Tuesday, June 4, 2013
Was Jane Eyre a SAHM?
I just closed my personal checking account. For the first time since I can remember, I have no money. I feel like Jane Eyre, lacking a dowry and station in life. Strangely, I feel stuck right around the part where her friend dies of TB.
None of it is true. My active imagination has landed me squarely in the land of overreaction -- not Thornfield Manor. I have my modern-day, seeing version of Mr. Rochester, and I have money in savings. The realities aren't making me feel any better about not having an FDIC insured, individual checking account with my John Hancock attached to it.
Before my recent trip to the bank and subsequent mental trip to the 19th Century, I didn't have a single problem being a Stay at Home Mom (other than the ridiculous acronym itself). Sure, I've experienced the struggles that other SAHM's talk about in their blogs. I've felt like my new identity as a mom isn't valued in society. I have moments of isolation and boredom. I've felt irrelevant at parties. These things haven't hit me all that hard.
I've changed my mind. Suddenly, I have to ask my husband for money. I've never asked a man for money. I got my first paper route at 11, babysat, lied about my age to get my first job at Sonic Burger at 15.
For a long time now, my idea of independence has been tied to my financial freedom.
Many women would happily spend their husband's money. I've seen them on Real Housewives. I don't like that I'm not contributing financially to our household.
The value that I add to the household is real, yet it is far less tangible, has no bottom line. I feel like I have my hand outstretched, waiting for the mercy of my beneficent husband. And, while I'm not planning on leaving George any time soon, I want that decision to be a matter of choice, not because it isn't an option.
George tries to bring me back to the 21st century. He knows just what to say…"His money is my money"…"Marriage is a partnership"…"Share and share alike"..."You give far more to this family than can be measured in a paycheck". And he's right. Blah, blah, blah.

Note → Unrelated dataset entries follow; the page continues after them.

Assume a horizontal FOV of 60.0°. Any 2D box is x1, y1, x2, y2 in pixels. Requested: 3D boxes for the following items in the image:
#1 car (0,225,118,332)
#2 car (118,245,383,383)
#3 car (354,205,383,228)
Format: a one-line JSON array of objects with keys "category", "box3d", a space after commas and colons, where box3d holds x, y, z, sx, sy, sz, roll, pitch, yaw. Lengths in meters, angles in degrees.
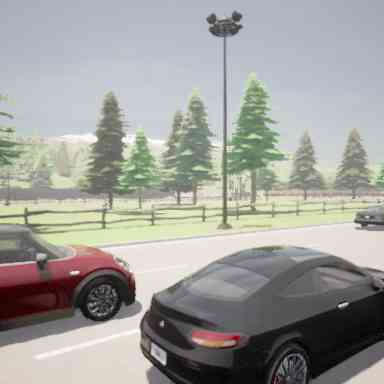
[{"category": "car", "box3d": [-3.261, 1.352, 5.720, 4.553, 1.767, 2.097, 0, 0, -36]}, {"category": "car", "box3d": [1.524, 1.526, 4.833, 4.674, 1.442, 1.812, 0, 0, -36]}, {"category": "car", "box3d": [12.477, 1.547, 21.244, 5.357, 1.411, 2.033, 0, 0, -36]}]

I feel silly and frivolous for these worries on so many levels too. I know I should be happy that I haven't been working for two years, and have just recently run out of my "own" money. I should be grateful that taking off work and caring for Claire is an option for our family at all. With the exception of independently wealthy, someone needs to be bringing home the bacon. Why does it have to be me?
It's true. I have been able to define myself the way that I want in the last two years. I am lucky to be like the heroine, Jane Eyre, complete with my seeing version of Mr. Rochester. And I didn't have to beg for money on the streets of London before having a child like her either.
What's also true is that money appears to be a loaded issue for me. Particularly, now that I'm not loaded.